HR Giger (pronounced geeger) was a Swiss artist who was known for the dark subject matter of his works. They depict the weird and the bizarre, often with a subtle, and sometimes blatant, eroticism. Belinda Sallin’s documentary about him was made shortly before his death. In it, he comes across as taciturn, but nonetheless likable. (He looked a bit like Brother Theodore.) He lived in a house that looked like a museum of the macabre. In one scene, Giger shows us a skull that he says his father gave him when he was a child. (He says that his father, a pharmacist, was given the skull by Ciba-Geigy, a pharmaceutical company. I would have liked to learned more of the details about this.) He says that he would pull the skull along the street with a string. He did this in order to try to lessen his fear of it. This film subtly suggests that this anecdote can be seen as a metaphor for Giger’s career.

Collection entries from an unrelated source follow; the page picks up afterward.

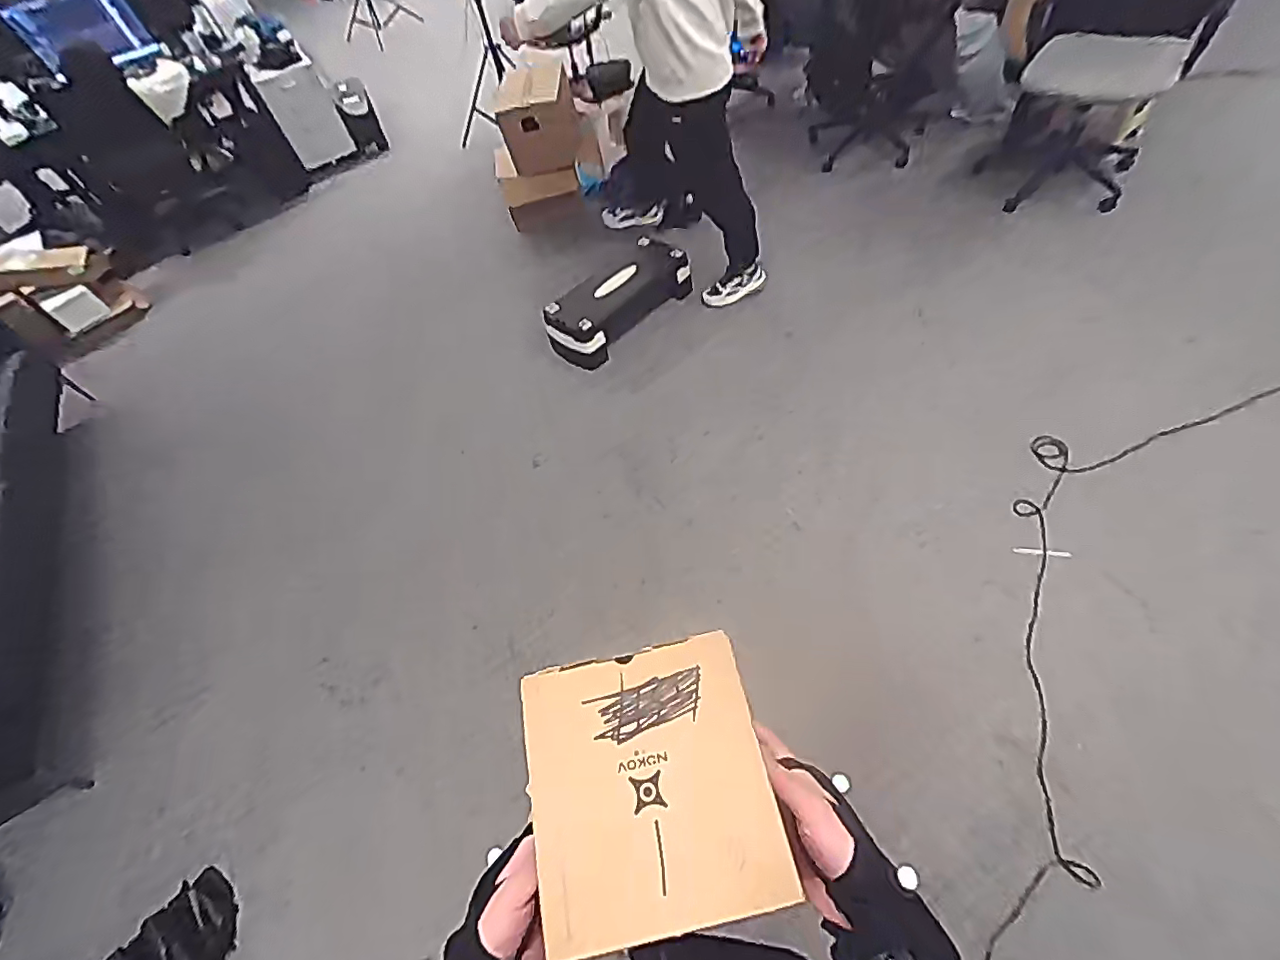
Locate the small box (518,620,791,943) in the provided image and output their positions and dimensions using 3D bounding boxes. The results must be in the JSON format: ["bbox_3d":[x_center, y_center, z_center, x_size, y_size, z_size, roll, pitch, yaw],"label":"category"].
[{"bbox_3d":[0.007,0.238,0.449,0.168,0.176,0.179,-13,60,-1],"label":"small box"}]
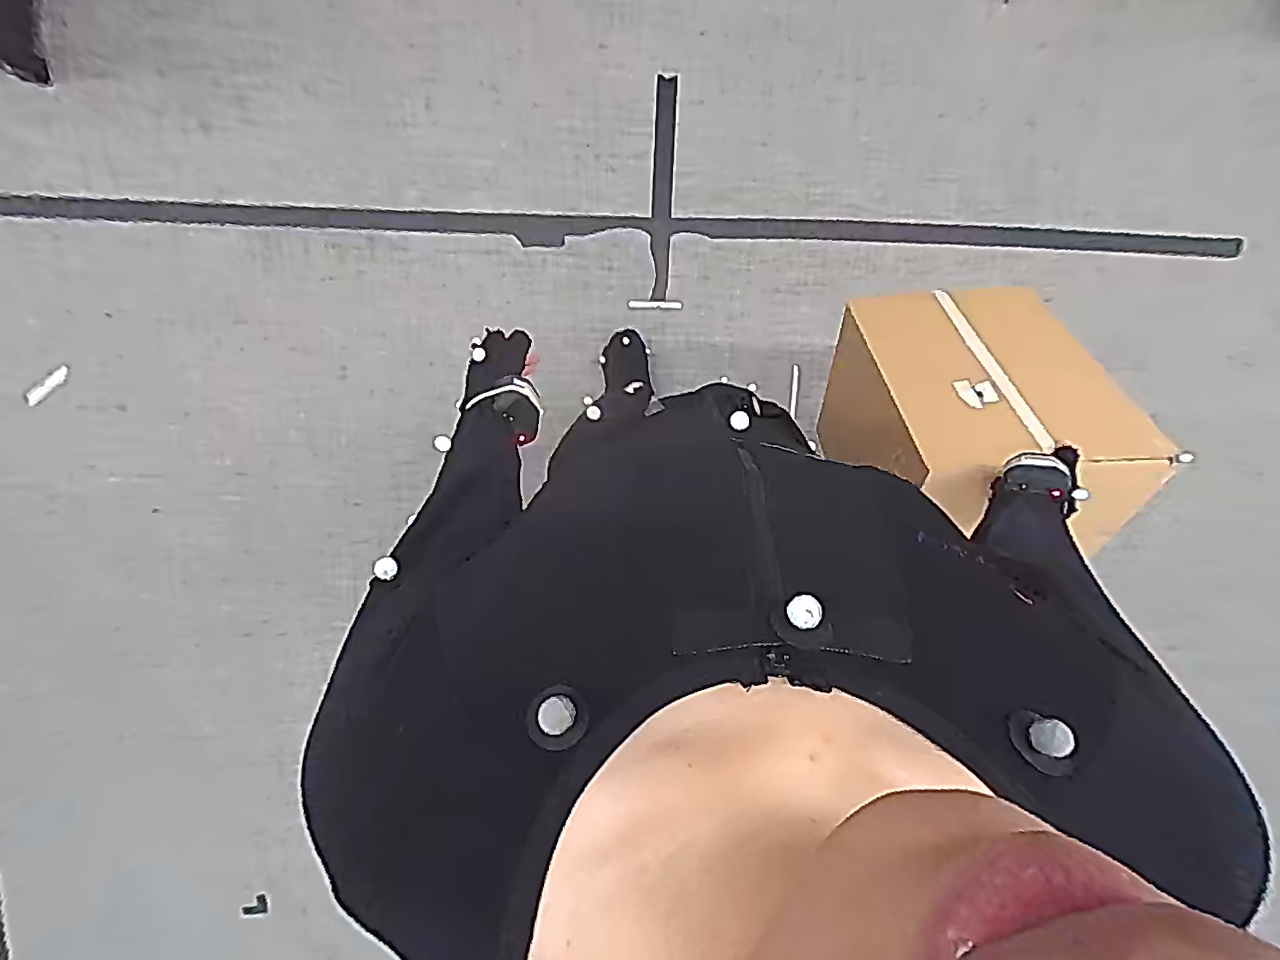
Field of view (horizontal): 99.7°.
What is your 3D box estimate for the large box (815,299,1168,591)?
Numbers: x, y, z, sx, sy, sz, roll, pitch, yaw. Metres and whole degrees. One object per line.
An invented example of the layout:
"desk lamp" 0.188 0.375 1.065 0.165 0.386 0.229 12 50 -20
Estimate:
"large box" 0.526 -0.063 0.933 0.320 0.408 0.320 -4 140 3
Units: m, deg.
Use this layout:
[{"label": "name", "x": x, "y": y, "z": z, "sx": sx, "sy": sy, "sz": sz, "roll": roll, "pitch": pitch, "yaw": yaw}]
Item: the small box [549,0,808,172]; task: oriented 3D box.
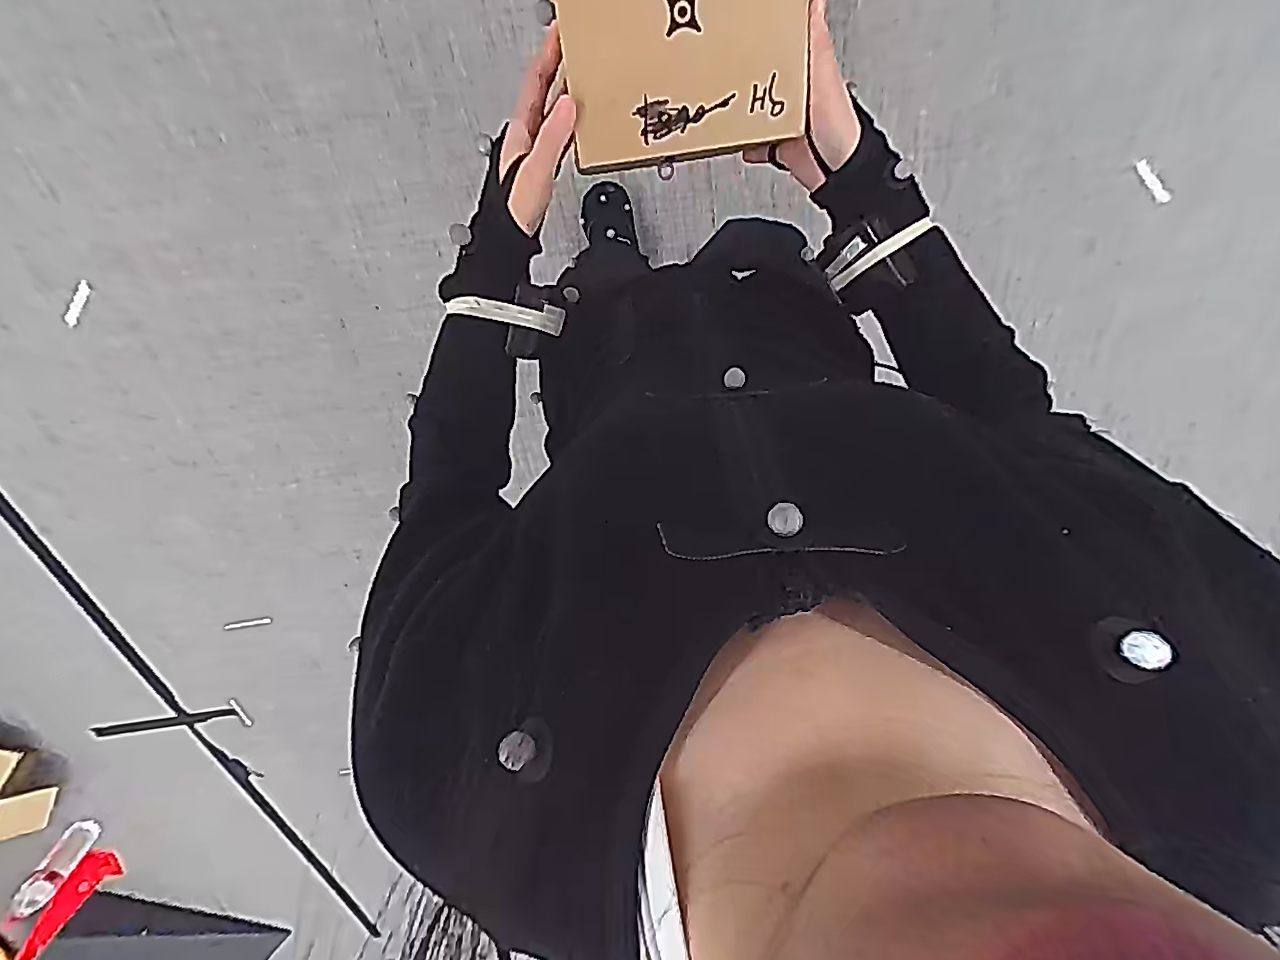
[{"label": "small box", "x": 0.018, "y": -0.346, "z": 0.410, "sx": 0.168, "sy": 0.176, "sz": 0.179, "roll": -9, "pitch": 119, "yaw": -2}]
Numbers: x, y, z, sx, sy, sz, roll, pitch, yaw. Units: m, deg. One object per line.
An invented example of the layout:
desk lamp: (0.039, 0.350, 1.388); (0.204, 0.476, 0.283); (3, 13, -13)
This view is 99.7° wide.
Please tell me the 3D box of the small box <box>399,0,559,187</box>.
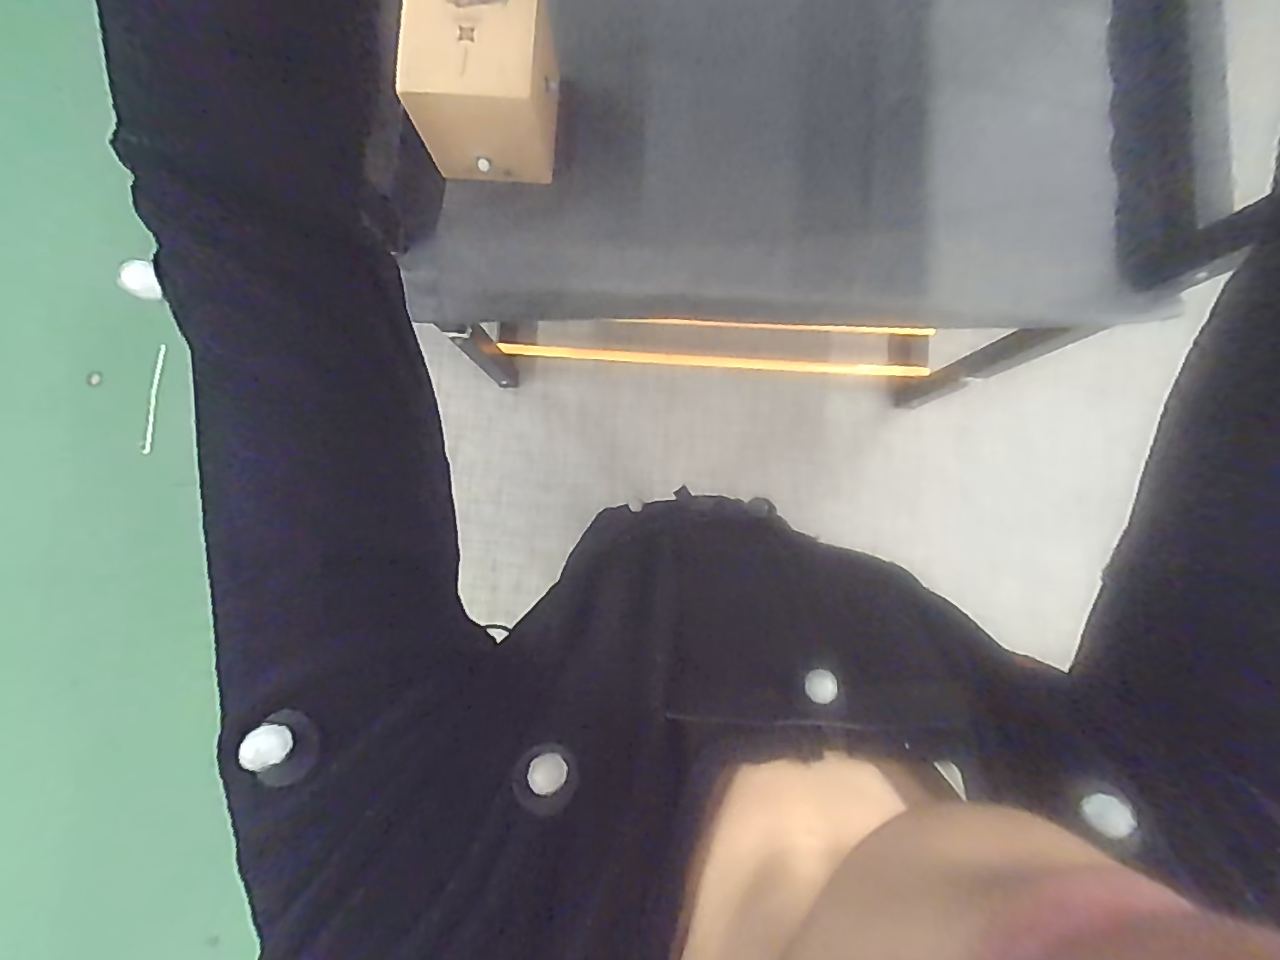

Giger’s ex-wife tells us that he never really grew up. In one scene, we see him riding around on a miniature railroad that he built in his backyard. (Not suprisingly, he liked cats.) Giger tells us that he had a happy childhood. He was apparently close to his mother, although he says he found his father a “mystery”. The only tragic part of his life concerned the death of his one-time lover, the actress Li Tobler, who committed suicide. Giger admits to be being haunted by the question of whether he could have done something to prevent this.
I have to admit that I’m not a great admirer of Giger’s work. I find the recurring themes and images, and unrelenting bleakness, a bit monotonous after a while. However, this film gave me a certain respect for the man. He was determined to follow his own vision, and he managed to acquire a devoted following.